[Rector]

Singing for me

 

Mr. Edmond said, "I'm singing for myself, I just let others listen".

I was one of those privileged fools who had been cajoled into performing on Reflections. Reflections was a TV program which few got to see. WIN4 in Wollongong, South of Sydney, would screen it as their last piece of viewing for the night. In the early days that meant a time close to midnight. As the years went by it got later and later. I mean, when else would you screen a religious program?

They usually taped us after Bernard King's cooking program. Bernard would do his thing, performing as usual, and so we would sit around twiddling our thumbs. And then we were on.

I hated going second. Luckily, most of the clergy were petrified and let me go first. Yet there were those times when I would defer to a man in a hurry. I would then have to watch the shear horror of a colleague overawed by the technology of a Television studio. If I wasn't nervous by the time I got there, I sure was when it was my turn.
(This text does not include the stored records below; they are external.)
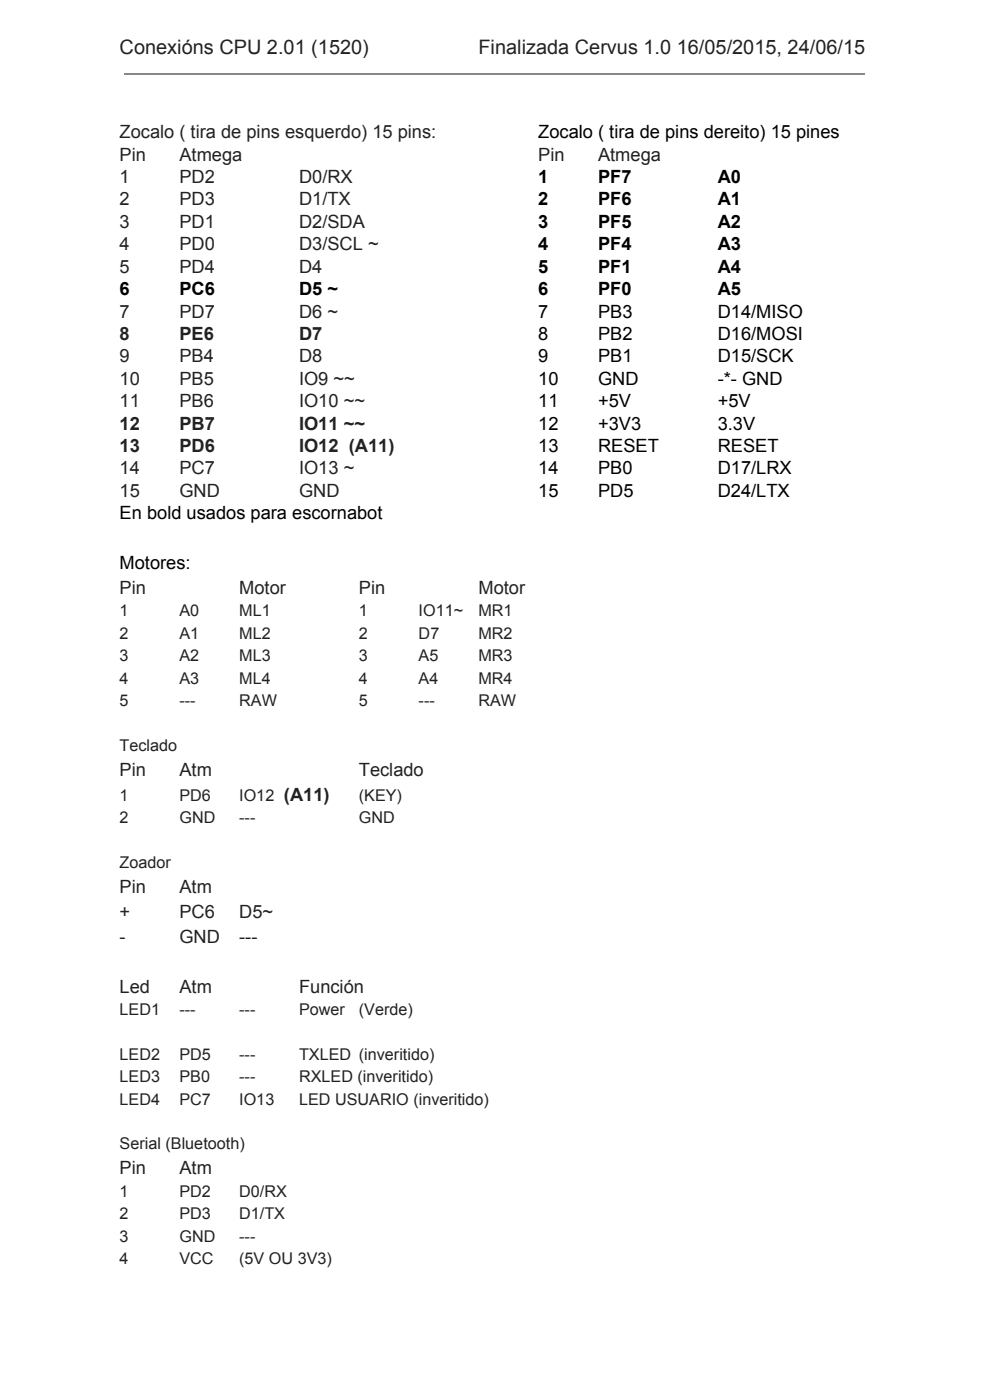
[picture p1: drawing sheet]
<svg xmlns="http://www.w3.org/2000/svg" width="210mm" height="297mm" viewBox="0 0 210 297" stroke-linecap="round" stroke-linejoin="round" font-family="sans-serif">
<defs><g id="words">
<g font-size="4.2" fill="#222">
<text x="25.3" y="11.3">Conexións CPU 2.01 (1520)</text>
<text x="101.3" y="11.3">Finalizada Cervus 1.0</text>
<text x="143.4" y="11.3">16/05/2015, 24/06/15</text>
</g>
<g font-size="3.9" fill="#222">
<text x="25.3" y="29.3">Zocalo ( tira de pins esquerdo) 15 pins:</text>
<text x="25.3" y="34">Pin</text>
<text x="38" y="34">Atmega</text>
<text x="114" y="34">Pin</text>
<text x="126.7" y="34">Atmega</text>
<text x="25.3" y="38.8">1</text>
<text x="38" y="38.8">PD2</text>
<text x="63.3" y="38.8">D0/RX</text>
<text x="25.3" y="43.5">2</text>
<text x="38" y="43.5">PD3</text>
<text x="63.3" y="43.5">D1/TX</text>
<text x="25.3" y="48.3">3</text>
<text x="25.3" y="53">4</text>
<text x="38" y="48.3">PD1</text>
<text x="38" y="53">PD0</text>
<text x="63.3" y="48.3">D2/SDA</text>
<text x="63.3" y="53">D3/SCL ~</text>
<text x="25.3" y="57.8">5</text>
<text x="38" y="57.8">PD4</text>
<text x="63.3" y="57.8">D4</text>
<text x="25.3" y="67.3">7</text>
<text x="38" y="67.3">PD7</text>
<text x="63.3" y="67.3">D6 ~</text>
<text x="25.3" y="72">8</text>
<text x="25.3" y="76.8">9</text>
<text x="38" y="72">PE6</text>
<text x="38" y="76.8">PB4</text>
<text x="63.3" y="72">D7</text>
<text x="63.3" y="76.8">D8</text>
<text x="25.3" y="81.5">10</text>
<text x="38" y="81.5">PB5</text>
<text x="63.3" y="81.5">IO9 ~~</text>
<text x="25.3" y="86.3">11</text>
<text x="38" y="86.3">PB6</text>
<text x="63.3" y="86.3">IO10 ~~</text>
<text x="25.3" y="91">12</text>
<text x="25.3" y="95.8">13</text>
<text x="38" y="91">PB7</text>
<text x="38" y="95.8">PD6</text>
<text x="63.3" y="91">IO11 ~~</text>
<text x="63.3" y="95.8">IO12 (A11)</text>
<text x="25.3" y="100.6">14</text>
<text x="38" y="100.6">PC7</text>
<text x="63.3" y="100.6">IO13 ~</text>
<text x="25.3" y="105.3">15</text>
<text x="38" y="105.3">GND</text>
<text x="63.3" y="105.3">GND</text>
<text x="25.3" y="125.9">Pin</text>
<text x="50.7" y="125.9">Motor</text>
<text x="76" y="125.9">Pin</text>
<text x="101.3" y="125.9">Motor</text>
<text x="25.3" y="164.4">Pin</text>
<text x="38" y="164.4">Atm</text>
<text x="76" y="164.4">Teclado</text>
<text x="60.1" y="169.7">(A11)</text>
<text x="25.3" y="189.2">Pin</text>
<text x="38" y="189.2">Atm</text>
<text x="25.3" y="194.5">+</text>
<text x="38" y="194.5">PC6</text>
<text x="50.7" y="194.5">D5~</text>
<text x="25.3" y="199.8">­</text>
<text x="38" y="199.8">GND</text>
<text x="50.7" y="199.8">­­­</text>
<text x="25.3" y="210.3">Led</text>
<text x="38" y="210.3">Atm</text>
<text x="63.3" y="210.3">Función</text>
<text x="25.3" y="248.9">Pin</text>
<text x="38" y="248.9">Atm</text>
</g>
<g font-size="3.9">
<text x="114" y="29.3">Zocalo ( tira de pins dereito) 15 pines</text>
<text x="114" y="38.8">1</text>
<text x="126.7" y="38.8">PF7</text>
<text x="152" y="38.8">A0</text>
<text x="114" y="43.5">2</text>
<text x="126.7" y="43.5">PF6</text>
<text x="152" y="43.5">A1</text>
<text x="114" y="48.3">3</text>
<text x="114" y="53">4</text>
<text x="126.7" y="48.3">PF5</text>
<text x="126.7" y="53">PF4</text>
<text x="152" y="48.3">A2</text>
<text x="152" y="53">A3</text>
<text x="114" y="57.8">5</text>
<text x="126.7" y="57.8">PF1</text>
<text x="152" y="57.8">A4</text>
<text x="25.3" y="62.5">6</text>
<text x="38" y="62.5">PC6</text>
<text x="63.3" y="62.5">D5 ~</text>
<text x="114" y="62.5">6</text>
<text x="126.7" y="62.5">PF0</text>
<text x="152" y="62.5">A5</text>
<text x="114" y="67.3">7</text>
<text x="126.7" y="67.3">PB3</text>
<text x="152" y="67.3">D14/MISO</text>
<text x="114" y="72">8</text>
<text x="114" y="76.8">9</text>
<text x="126.7" y="72">PB2</text>
<text x="126.7" y="76.8">PB1</text>
<text x="152" y="72">D16/MOSI</text>
<text x="152" y="76.8">D15/SCK</text>
<text x="114" y="81.5">10</text>
<text x="126.7" y="81.5">GND</text>
<text x="152" y="81.5">­*­ GND</text>
<text x="114" y="86.3">11</text>
<text x="126.7" y="86.3">+5V</text>
<text x="152" y="86.3">+5V</text>
<text x="114" y="91">12</text>
<text x="114" y="95.8">13</text>
<text x="126.7" y="91">+3V3</text>
<text x="126.7" y="95.8">RESET</text>
<text x="152" y="91">3.3V</text>
<text x="152" y="95.8">RESET</text>
<text x="114" y="100.6">14</text>
<text x="126.7" y="100.6">PB0</text>
<text x="152" y="100.6">D17/LRX</text>
<text x="114" y="105.3">15</text>
<text x="126.7" y="105.3">PD5</text>
<text x="152" y="105.3">D24/LTX</text>
<text x="25.3" y="110.1">En bold usados para escornabot</text>
<text x="25.3" y="120.6">Motores:</text>
</g>
<g font-size="3.4" fill="#222">
<text x="25.3" y="130.6">1</text>
<text x="38" y="130.6">A0</text>
<text x="50.7" y="130.6">ML1</text>
<text x="76" y="130.6">1</text>
<text x="88.7" y="130.6">I</text>
<text x="89.6" y="130.6">O11~</text>
<text x="101.3" y="130.6">MR1</text>
<text x="25.3" y="135.4">2</text>
<text x="38" y="135.4">A1</text>
<text x="50.7" y="135.4">ML2</text>
<text x="76" y="135.4">2</text>
<text x="88.7" y="135.4">D7</text>
<text x="101.3" y="135.4">MR2</text>
<text x="25.3" y="140.1">3</text>
<text x="38" y="140.1">A2</text>
<text x="50.7" y="140.1">ML3</text>
<text x="76" y="140.1">3</text>
<text x="88.7" y="140.1">A5</text>
<text x="101.3" y="140.1">MR3</text>
<text x="25.3" y="144.9">4</text>
<text x="25.3" y="149.6">5</text>
<text x="38" y="144.9">A3</text>
<text x="38" y="149.6">­­­</text>
<text x="50.7" y="144.9">ML4</text>
<text x="50.7" y="149.6">RAW</text>
<text x="76" y="144.9">4</text>
<text x="76" y="149.6">5</text>
<text x="88.7" y="144.9">A4</text>
<text x="88.7" y="149.6">­­­</text>
<text x="101.3" y="144.9">MR4</text>
<text x="101.3" y="149.6">RAW</text>
<text x="25.3" y="159.1">Teclado</text>
<text x="25.3" y="169.7">1</text>
<text x="38" y="169.7">PD6</text>
<text x="50.7" y="169.7">I</text>
<text x="51.6" y="169.7">O12</text>
<text x="76" y="169.7">(KEY)</text>
<text x="25.3" y="174.4">2</text>
<text x="38" y="174.4">GND</text>
<text x="50.7" y="174.4">­­­</text>
<text x="76" y="174.4">GND</text>
<text x="25.3" y="183.9">Zoador</text>
<text x="25.3" y="215.1">LED1</text>
<text x="38" y="215.1">­­­</text>
<text x="50.7" y="215.1">­­­</text>
<text x="63.3" y="215.1">Power</text>
<text x="76" y="215.1">(Verde)</text>
<text x="25.3" y="224.6">LED2</text>
<text x="38" y="224.6">PD5</text>
<text x="50.7" y="224.6">­­­</text>
<text x="63.3" y="224.6">TXLED</text>
<text x="76" y="224.6">(inveritido)</text>
<text x="25.3" y="229.3">LED3</text>
<text x="38" y="229.3">PB0</text>
<text x="50.7" y="229.3">­­­</text>
<text x="63.3" y="229.3">RXLED (inveritido)</text>
<text x="25.3" y="234.1">LED4</text>
<text x="38" y="234.1">PC7</text>
<text x="50.7" y="234.1">I</text>
<text x="51.6" y="234.1">O13</text>
<text x="63.3" y="234.1">LED USUARIO (inveritido)</text>
<text x="25.3" y="243.6">Serial (Bluetooth)</text>
<text x="25.3" y="253.6">1</text>
<text x="38" y="253.6">PD2</text>
<text x="50.7" y="253.6">D0/RX</text>
<text x="25.3" y="258.4">2</text>
<text x="25.3" y="263.1">3</text>
<text x="38" y="258.4">PD3</text>
<text x="38" y="263.1">GND</text>
<text x="50.7" y="258.4">D1/TX</text>
<text x="50.7" y="263.1">­­­</text>
<text x="25.3" y="267.9">4</text>
<text x="38" y="267.9">VCC</text>
<text x="50.7" y="267.9">(5V OU 3V3)</text>
</g>
</g></defs>
<path d="M26.4 15.7h156.8" fill="none" stroke="#888" stroke-width=".26"/>
<g fill="#fff">
<path d="M25.3 127.2h1.9v4.2h-1.9z"/>
<path d="M38 127.2h4v4.2h-4z"/>
<path d="M50.7 127.2h6.6v4.2h-6.6z"/>
<path d="M76 127.2h1.9v4.2h-1.9z"/>
<path d="M88.7 127.2h9.2v4.2h-9.2z"/>
<path d="M101.3 127.2h7.2v4.2h-7.2z"/>
<path d="M25.3 132h1.9v4.2h-1.9z"/>
<path d="M38 132h4v4.2h-4z"/>
<path d="M50.7 132h6.6v4.2h-6.6z"/>
<path d="M76 132h1.9v4.2h-1.9z"/>
<path d="M88.7 132h4.2v4.2h-4.2z"/>
<path d="M101.3 132h7.2v4.2h-7.2z"/>
<path d="M25.3 136.7h1.9v4.2h-1.9z"/>
<path d="M38 136.7h4v4.2h-4z"/>
<path d="M50.7 136.7h6.6v4.2h-6.6z"/>
<path d="M76 136.7h1.9v4.2h-1.9z"/>
<path d="M88.7 136.7h3.9v4.2h-3.9z"/>
<path d="M101.3 136.7h7.2v4.2h-7.2z"/>
<path d="M25.3 141.5h1.9v4.2h-1.9z"/>
<path d="M38 141.5h4v4.2h-4z"/>
<path d="M50.7 141.5h6.6v4.2h-6.6z"/>
<path d="M76 141.5h1.9v4.2h-1.9z"/>
<path d="M88.7 141.5h3.9v4.2h-3.9z"/>
<path d="M101.3 141.5h7.2v4.2h-7.2z"/>
<path d="M25.3 146.2h1.9v4.2h-1.9z"/>
<path d="M38 146.2h3.2v4.2h-3.2z"/>
<path d="M50.7 146.2h7.9v4.2h-7.9z"/>
<path d="M76 146.2h1.9v4.2h-1.9z"/>
<path d="M88.7 146.2h3.1v4.2h-3.1z"/>
<path d="M101.3 146.2h8v4.2h-8z"/>
<path d="M25.3 155.7h12.2v4.2h-12.2z"/>
<path d="M25.3 165.7h1.9v4.5h-1.9z"/>
<path d="M38 165.7h6.6v4.5h-6.6z"/>
<path d="M50.7 165.7h8.2v4.5h-8.2z"/>
<path d="M76 165.7h9v4.5h-9z"/>
<path d="M25.3 171h1.9v4.2h-1.9z"/>
<path d="M38 171h7.4v4.2h-7.4z"/>
<path d="M50.7 171h3.1v4.2h-3.1z"/>
<path d="M76 171h7.4v4.2h-7.4z"/>
<path d="M25.3 180.5h10.9v4.2h-10.9z"/>
<path d="M25.3 211.7h8.5v4.2h-8.5z"/>
<path d="M38 211.7h3.2v4.2h-3.2z"/>
<path d="M50.7 211.7h3.1v4.2h-3.1z"/>
<path d="M63.3 211.7h9.5v4.2h-9.5z"/>
<path d="M76 211.7h11.4v4.2h-11.4z"/>
<path d="M25.3 221.2h8.5v4.2h-8.5z"/>
<path d="M38 221.2h6.6v4.2h-6.6z"/>
<path d="M50.7 221.2h3.1v4.2h-3.1z"/>
<path d="M63.3 221.2h10.9v4.2h-10.9z"/>
<path d="M76 221.2h15.8v4.2h-15.8z"/>
<path d="M25.3 225.9h8.5v4.2h-8.5z"/>
<path d="M38 225.9h6.3v4.2h-6.3z"/>
<path d="M50.7 225.9h3.1v4.2h-3.1z"/>
<path d="M63.3 225.9h28.3v4.2h-28.3z"/>
<path d="M25.3 230.7h8.5v4.2h-8.5z"/>
<path d="M38 230.7h6.6v4.2h-6.6z"/>
<path d="M50.7 230.7h7.4v4.2h-7.4z"/>
<path d="M63.3 230.7h40.2v4.2h-40.2z"/>
<path d="M25.3 240.2h26.4v4.2h-26.4z"/>
<path d="M25.3 250.2h1.9v4.2h-1.9z"/>
<path d="M38 250.2h6.6v4.2h-6.6z"/>
<path d="M50.7 250.2h10v4.2h-10z"/>
<path d="M25.3 254.9h1.9v4.3h-1.9z"/>
<path d="M38 254.9h6.6v4.3h-6.6z"/>
<path d="M50.7 254.9h9.5v4.3h-9.5z"/>
<path d="M25.3 259.7h1.9v4.2h-1.9z"/>
<path d="M38 259.7h7.4v4.2h-7.4z"/>
<path d="M50.7 259.7h3.1v4.2h-3.1z"/>
<path d="M25.3 264.4h1.9v4.3h-1.9z"/>
<path d="M38 264.4h7.1v4.3h-7.1z"/>
<path d="M50.7 264.4h19.5v4.3h-19.5z"/>
</g>
<use href="#words"/>
</svg>

On most occasions I did my little piece free from intrusion. There was something about the whole exercise which seemed to free me from the constraints of speaking to people. You see, in a TV studio there are hardly any people around. For Reflections there was usually just a camera operator. It is as if no one was listening. So, I just did my own thing without anyone around. A bit like practising a speech in font of the bathroom mirror. I performed my script for myself and enjoyed doing it. No one was really listening. I mean, who would be watching TV after midnight? Actually quite a few people, but then you could convince yourself that no one was out there. And those who were, well, the performance was not for them; I just let them watch.

Of course, I had learnt a trick in amateur theater; the players must live the role, the audience but sees it all as if through a keyhole. Not quite the same thing as a preacher who speaks to the back wall of the church - a disturbing habit, may I say. Rather, it's like the preacher who lets you into his musings, who takes you into the questions he has buzzing around in his mind, who lets you see the mysteries he sees, rather than shoving them down your throat.

Was it not this way when the Word became flesh and dwelt among us and we beheld his glory, the glory of the only Son of God?